Calorimetry is a powerful technique that is widely employed to measure the enthalpy (including enthalpy change) of chemical reactions, and the heat capacity and other physical properties of solid-state systems and materials. Calorimetry is a technique widely used by the pharmaceutical industry, biologists and chemists to study the kinetics of biochemical reactions and the reaction of living organisms and tissues to chemicals (e.g., drugs).

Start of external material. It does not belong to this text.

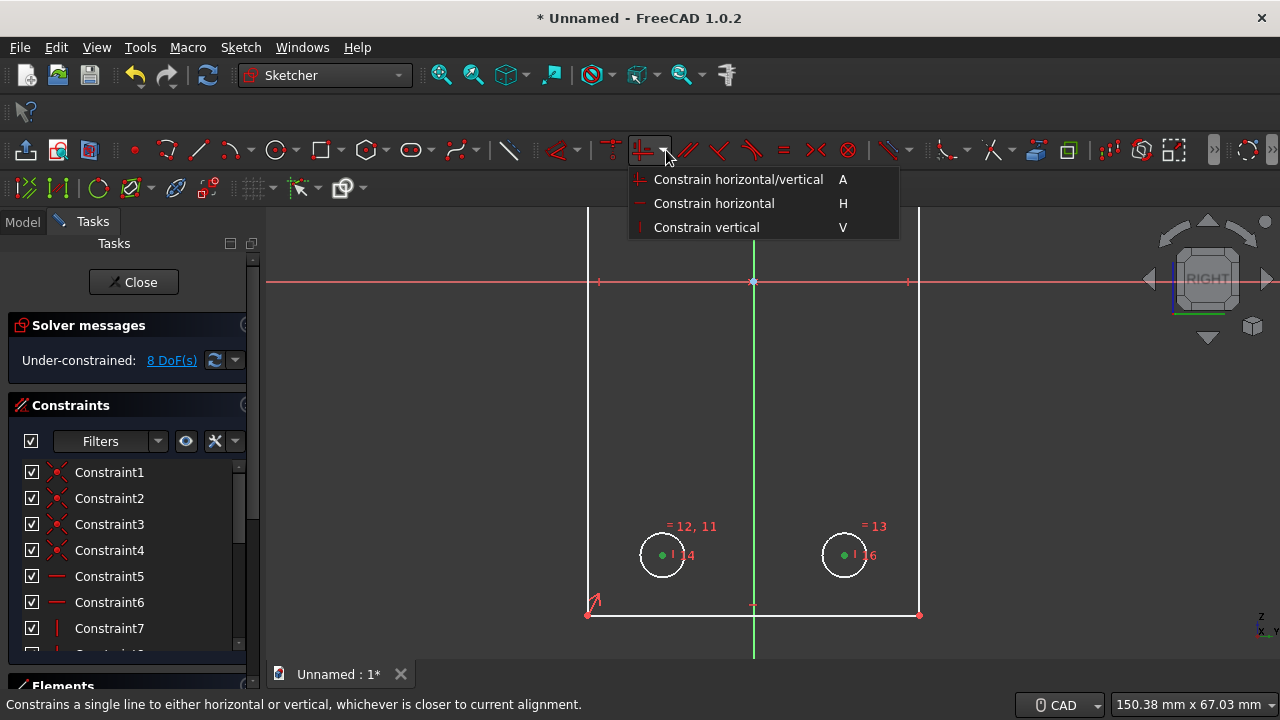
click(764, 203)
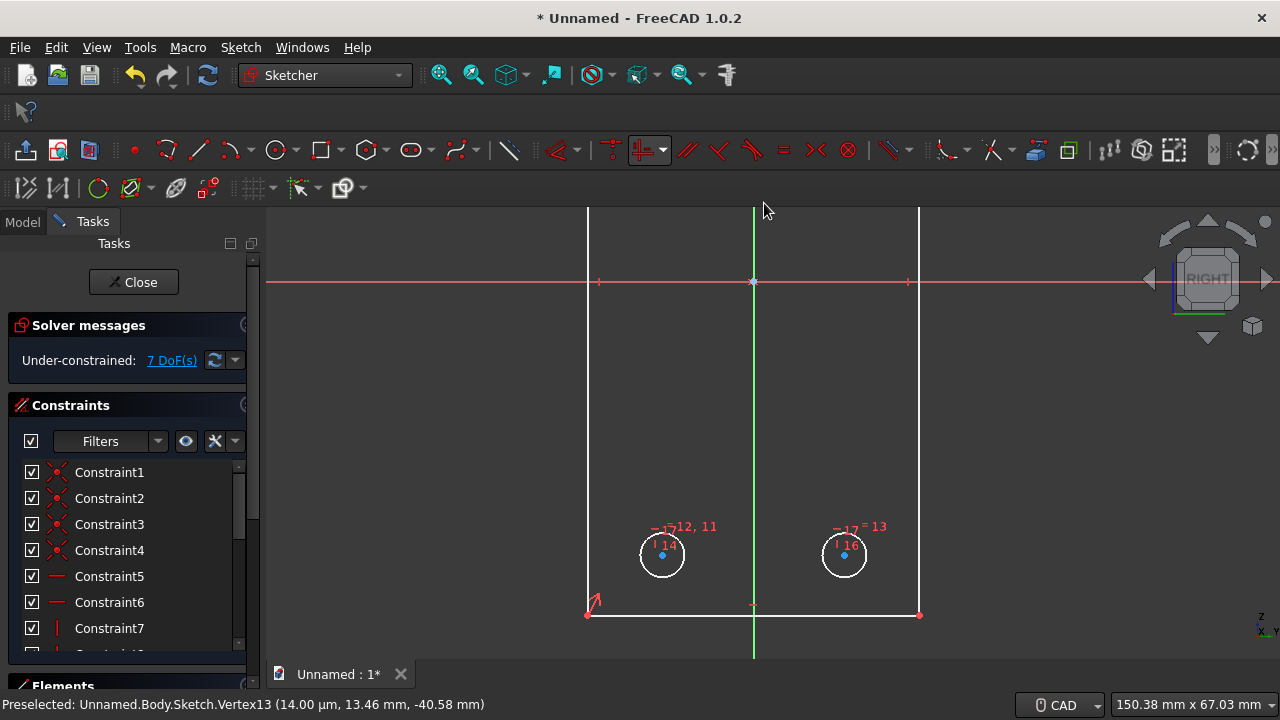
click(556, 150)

Currently, microcalorimeters produced by semiconductor processing are routinely used for heat capacity studies upon thin films and for measurements of the heat of reaction of catalytic processes. Current microcalorimeters have a resolution typically on the order of ˜1 fJ/K, limited by the heat capacity of the calorimeter itself, termed the “addendum,” and by and the sensitivity of thermometry utilized. Unfortunately, the relatively poor resolution of these calorimeters render them unsuitable for many small scale applications. The quest to improve the sensitivity of calorimetry is not simply to improve accuracy but, more importantly, to enable measurements upon nanoscale objects such as epitaxial thin films, nanoparticles and nanoclusters, fullerenes, biological macromolecules, and the chemical processes involving individual molecules or individual cells.
Another shortcoming of current microcalorimeters is their inability to take accurate measurements on small volume samples due to insufficient thermal isolation of the samples from the rest of the device. The most common forms of thermal isolation used for calorimeters are thermally resistive enclosures, air cushions (generated by membranes) and insulating substrates. Such techniques are not readily applicable to samples having a volume on the order of 100 pL. A resistive enclosure for a 100 pL volume has to be made as small as the volume itself. The membranes used by the existing microcalorimeters are themselves too conductive (e.g., thermal conductivity of silicon nitride is 30 W/m K) to provide adequate thermal isolation. Finally, because common insulating materials (e.g., foam) are comprised of air sacs which are as big as the microcalorimeter itself, they can not be used as the substrate.
Thus, a need exists for microcalorimeters that provide low addendum heat capacity and high thermal isolation of reagents.